Thursday, May 27, 2010

How Not to Cheer Up a Cancer Patient

Sorry for the lapse in blogging, kids. Felt kinda icky the last couple weeks so it dropped to the bottom of my priority list. The little energy I could muster never added up to more than 140 characters. Which is why you should follow me on Twitter (@miavandy).


Came across this article while perusing the UCF Facebook page today. So spot on (and funny). Wish I had this to send to people 2 yrs ago. But good to read anytime for future reference. Ch-ch-check it out: How Not to Cheer Up a Cancer Patient.

A sample passage:

Ling Ling

One of the most common fear responses to the dreaded News is to e-mail the person you love with as much information you can gather on his/her particular cancer. The problem is this: The Internet was invented as a pornography delivery system.
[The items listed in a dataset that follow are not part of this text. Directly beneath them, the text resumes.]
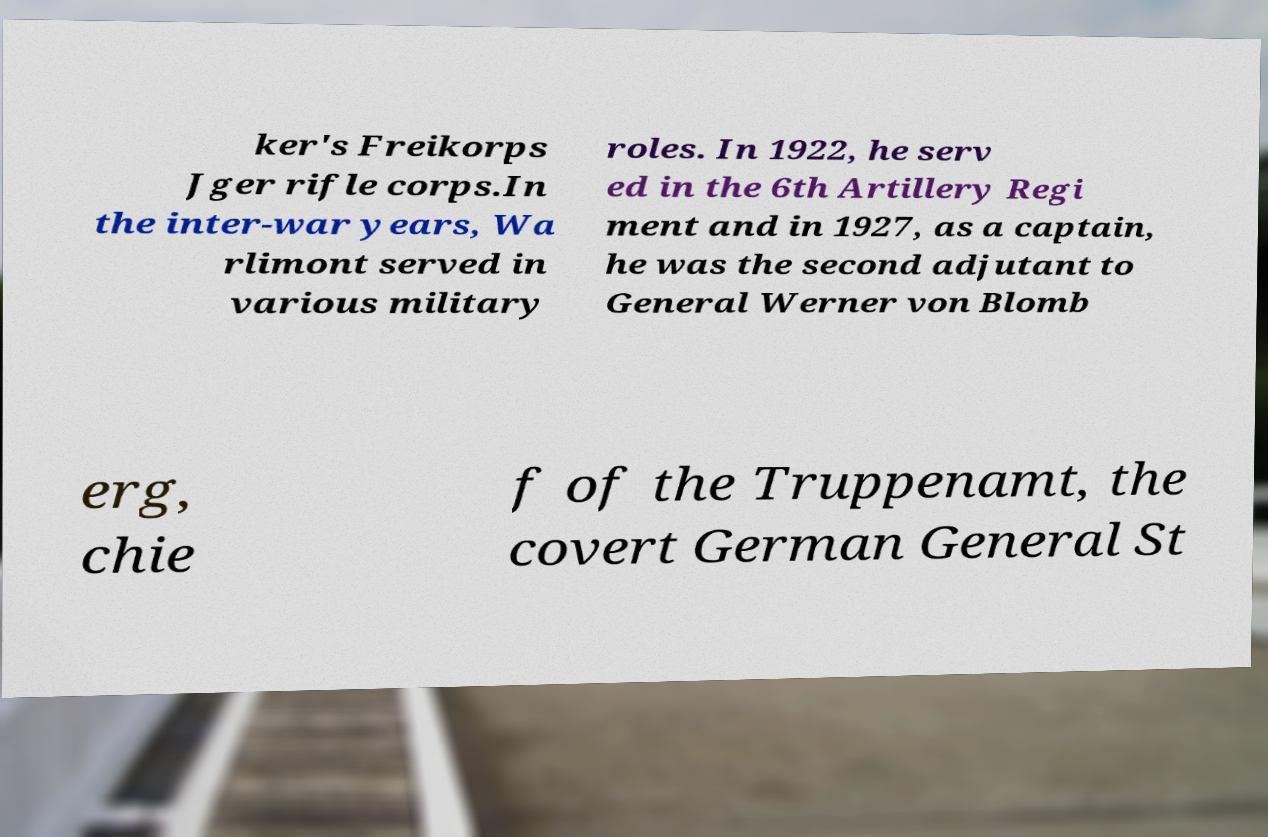Can you read and provide the text displayed in the image?This photo seems to have some interesting text. Can you extract and type it out for me? ker's Freikorps Jger rifle corps.In the inter-war years, Wa rlimont served in various military roles. In 1922, he serv ed in the 6th Artillery Regi ment and in 1927, as a captain, he was the second adjutant to General Werner von Blomb erg, chie f of the Truppenamt, the covert German General St 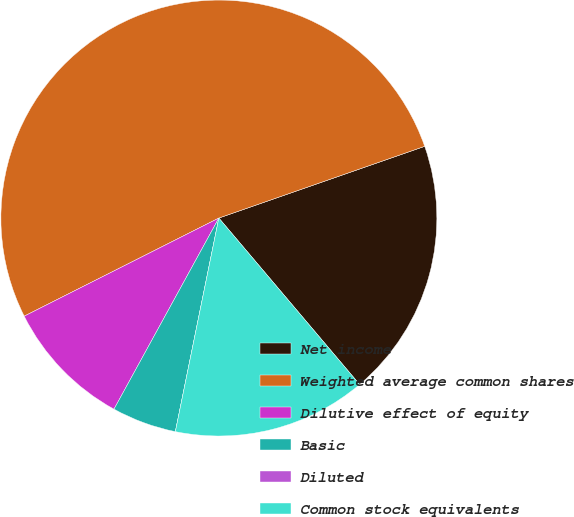Convert chart to OTSL. <chart><loc_0><loc_0><loc_500><loc_500><pie_chart><fcel>Net income<fcel>Weighted average common shares<fcel>Dilutive effect of equity<fcel>Basic<fcel>Diluted<fcel>Common stock equivalents<nl><fcel>19.16%<fcel>52.09%<fcel>9.58%<fcel>4.79%<fcel>0.0%<fcel>14.37%<nl></chart> 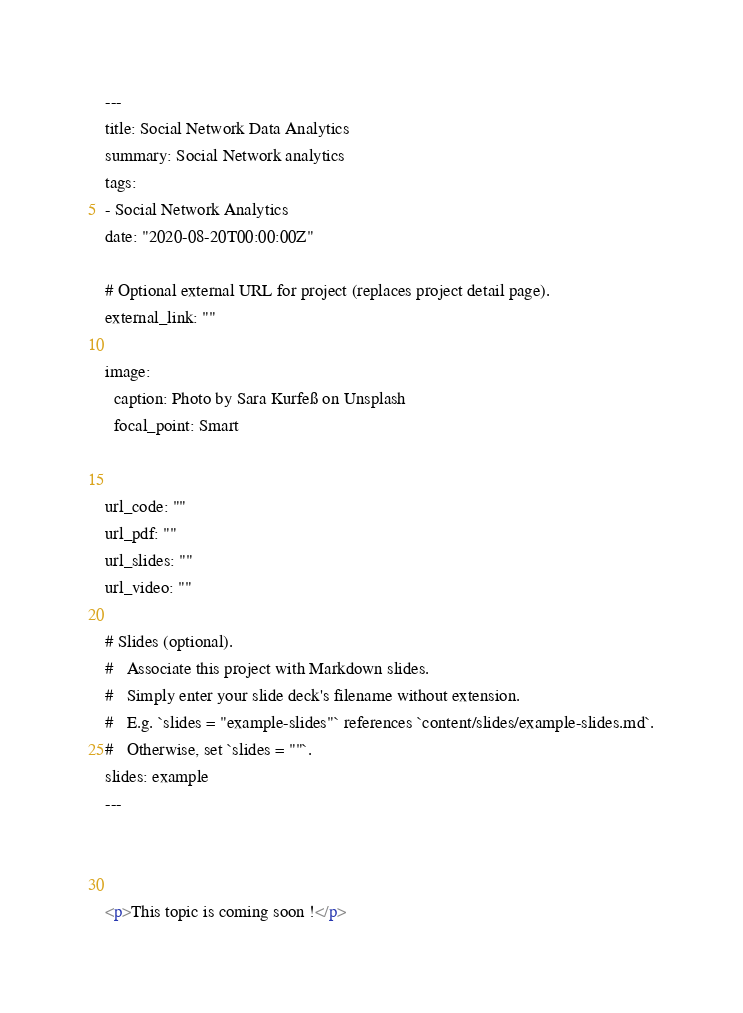<code> <loc_0><loc_0><loc_500><loc_500><_HTML_>---
title: Social Network Data Analytics
summary: Social Network analytics
tags:
- Social Network Analytics
date: "2020-08-20T00:00:00Z"

# Optional external URL for project (replaces project detail page).
external_link: ""

image:
  caption: Photo by Sara Kurfeß on Unsplash
  focal_point: Smart


url_code: ""
url_pdf: ""
url_slides: ""
url_video: ""

# Slides (optional).
#   Associate this project with Markdown slides.
#   Simply enter your slide deck's filename without extension.
#   E.g. `slides = "example-slides"` references `content/slides/example-slides.md`.
#   Otherwise, set `slides = ""`.
slides: example
---



<p>This topic is coming soon !</p>
</code> 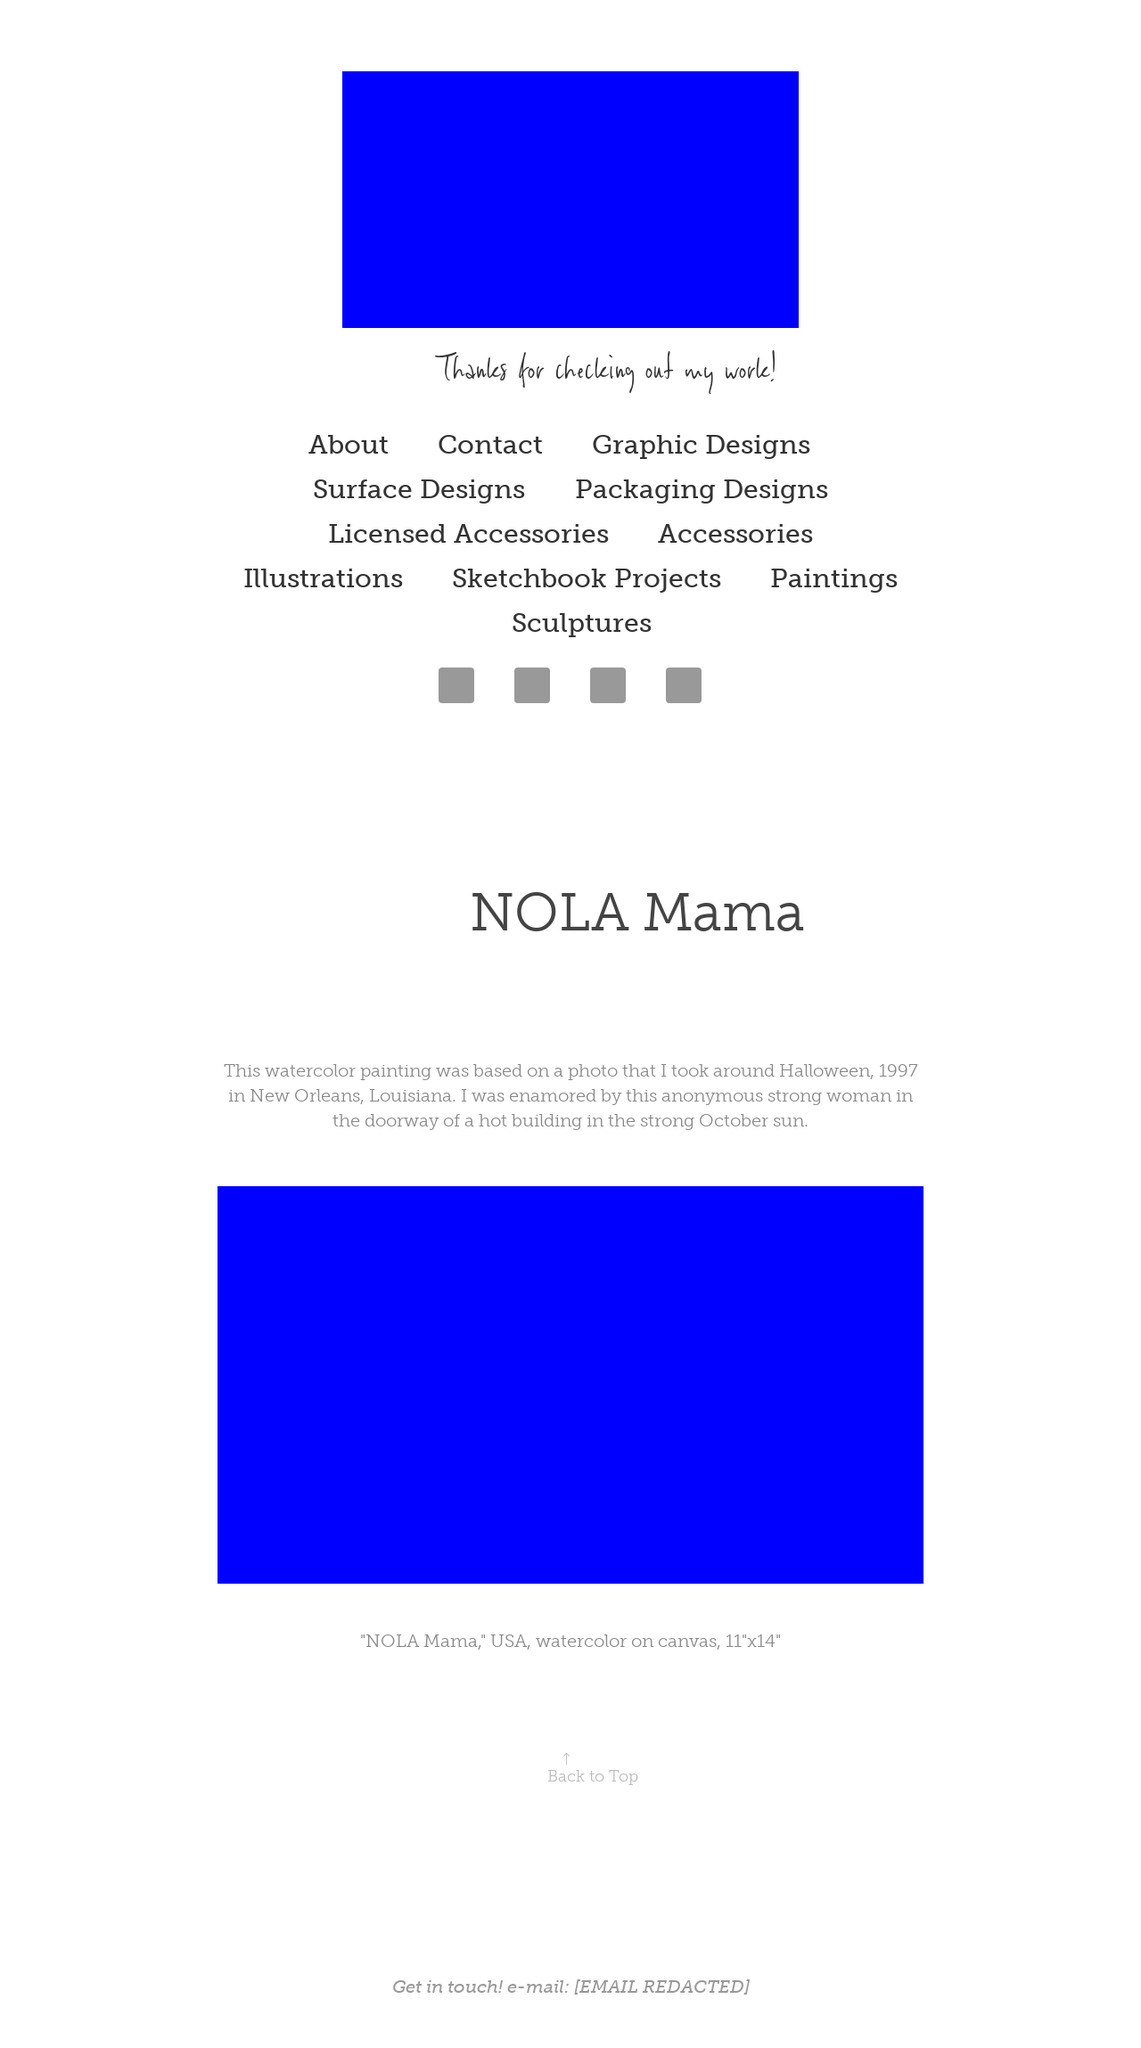What's the significance of preserving the story of 'NOLA Mama' on this website? Preserving the 'NOLA Mama' story on this website is significant as it extends beyond its artistic value, embedding a deep cultural and personal narrative within its expression. This painting is intimately linked to its roots in New Orleans, reflecting a specific moment and the resilience of its people during challenging times such as Hurricane Katrina. By showcasing this artwork online, the artist not only shares a personal memory but also highlights the broader narrative of survival, identity, and the power of community, thus enriching viewer understanding of the artwork's backstory and emotional depth. 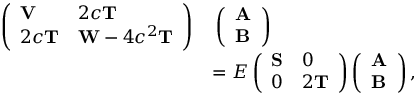<formula> <loc_0><loc_0><loc_500><loc_500>\begin{array} { r l } { \left ( \begin{array} { l l } { V } & { 2 c T } \\ { 2 c T } & { W - 4 c ^ { 2 } T } \end{array} \right ) } & { \, \left ( \begin{array} { l } { A } \\ { B } \end{array} \right ) } \\ & { = E \left ( \begin{array} { l l } { S } & { 0 } \\ { 0 } & { 2 T } \end{array} \right ) \left ( \begin{array} { l } { A } \\ { B } \end{array} \right ) , } \end{array}</formula> 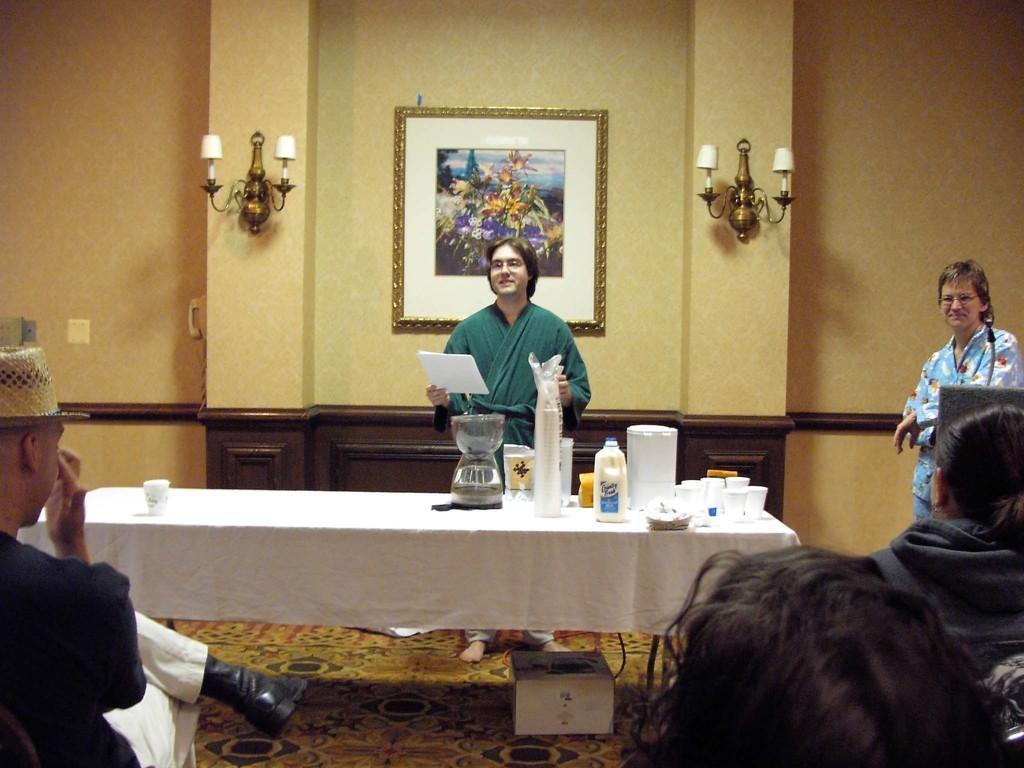How would you summarize this image in a sentence or two? In this picture there is a man standing in front of the table, holding a paper in his right hand. There is another person to the left of him, there are some more people sitting in the front of him. In the backdrop there are lights and a photo frame placed on the wall. 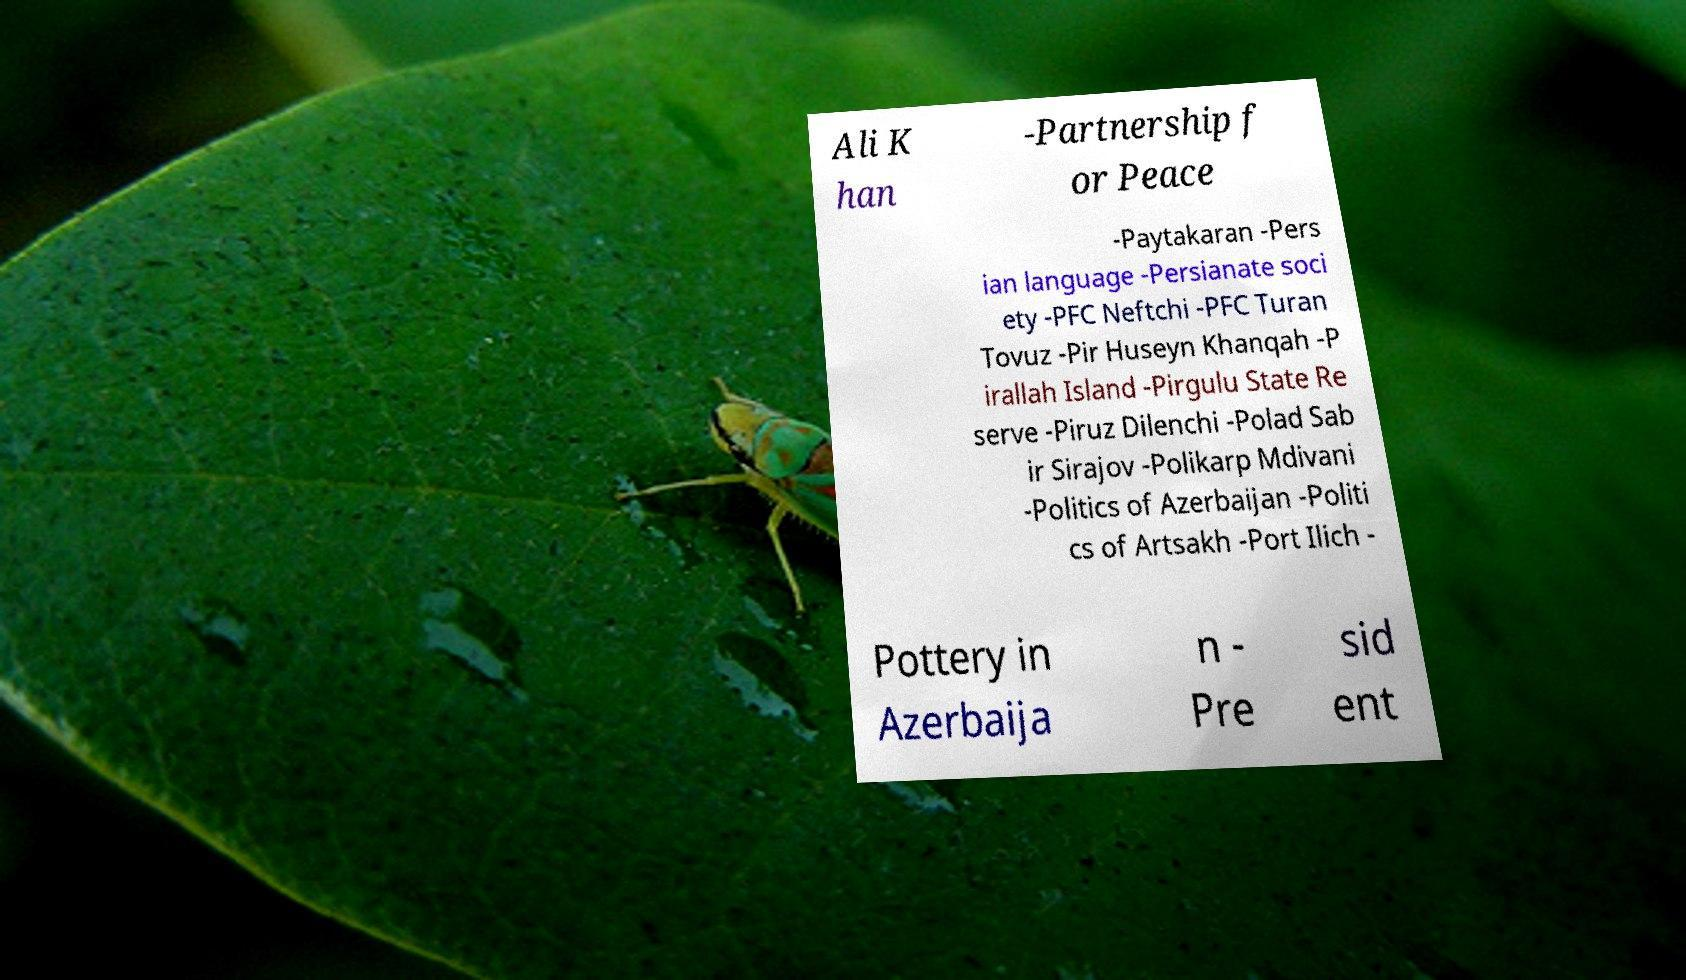What messages or text are displayed in this image? I need them in a readable, typed format. Ali K han -Partnership f or Peace -Paytakaran -Pers ian language -Persianate soci ety -PFC Neftchi -PFC Turan Tovuz -Pir Huseyn Khanqah -P irallah Island -Pirgulu State Re serve -Piruz Dilenchi -Polad Sab ir Sirajov -Polikarp Mdivani -Politics of Azerbaijan -Politi cs of Artsakh -Port Ilich - Pottery in Azerbaija n - Pre sid ent 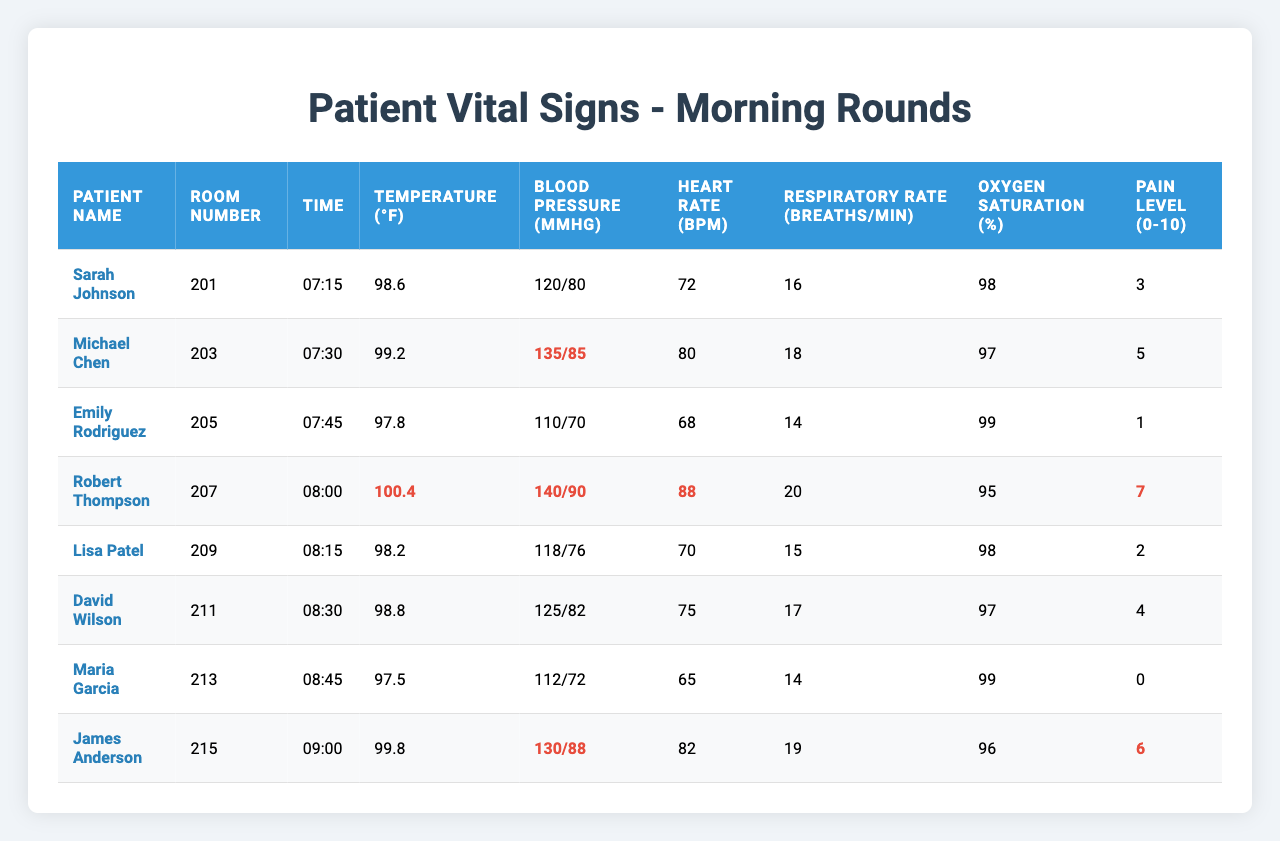What is the temperature of Robert Thompson? Looking at the row for Robert Thompson, the temperature recorded is 100.4 °F.
Answer: 100.4 °F What is the room number for Emily Rodriguez? Referring to the table, Emily Rodriguez is in room number 205.
Answer: 205 What is the heart rate of Sarah Johnson? The table shows that Sarah Johnson has a heart rate of 72 bpm.
Answer: 72 bpm Is David Wilson's blood pressure within normal limits? David Wilson's blood pressure is 125/82 mmHg, which is considered normal (systolic ≤ 130 and diastolic ≤ 85).
Answer: Yes What is the range of oxygen saturation levels recorded? The oxygen saturation levels range from 95% (Robert Thompson) to 99% (Emily Rodriguez and Maria Garcia). Therefore, the range is 95% to 99%.
Answer: 95% to 99% Which patient reported the highest pain level, and what was it? Robert Thompson reported the highest pain level at 7, which is identifiable in the pain level column.
Answer: Robert Thompson; 7 What is the average respiratory rate of all patients recorded? The respiratory rates of all patients are 16, 18, 14, 20, 15, 17, 14, and 19. Summing these gives 16 + 18 + 14 + 20 + 15 + 17 + 14 + 19 = 133. Dividing by 8 gives an average of 133/8 = 16.625, therefore rounding down, the average is 17.
Answer: 17 Which patients have heart rates above 85 bpm? The patients with heart rates above 85 bpm are Robert Thompson (88 bpm) and James Anderson (82 bpm).
Answer: Robert Thompson; James Anderson What is the total number of patients with a pain level greater than 5? Referring to the pain levels, Robert Thompson (7) and James Anderson (6) both have pain levels above 5, which sums up to 2 patients.
Answer: 2 Which patient has the lowest recorded oxygen saturation? The lowest recorded oxygen saturation level is 95% for Robert Thompson, as indicated in the saturation column.
Answer: Robert Thompson; 95% 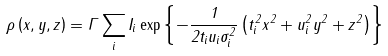<formula> <loc_0><loc_0><loc_500><loc_500>\rho \left ( x , y , z \right ) = \Gamma \sum _ { i } I _ { i } \exp { \left \{ - \frac { 1 } { 2 t _ { i } u _ { i } \sigma _ { i } ^ { 2 } } \left ( t _ { i } ^ { 2 } x ^ { 2 } + u _ { i } ^ { 2 } y ^ { 2 } + z ^ { 2 } \right ) \right \} }</formula>

And for Nigerian princes to find your grandparents and convince them to go halfsies on a timeshare in Boca Raton. And of course for every jackass with a computer to offer up an opinion on the best way to cure cancer. Look, I know you mean well, but I have yet to see anyone pull out of a pancreatic cancer tailspin by sucking on a panda's claw for two hours a day. I'm all for alternative medicine or nontraditional ways of beating the shit out of this insidious beast, but sometimes I don't have enough time to take a few months off to try Bosco enemas and tickle classes.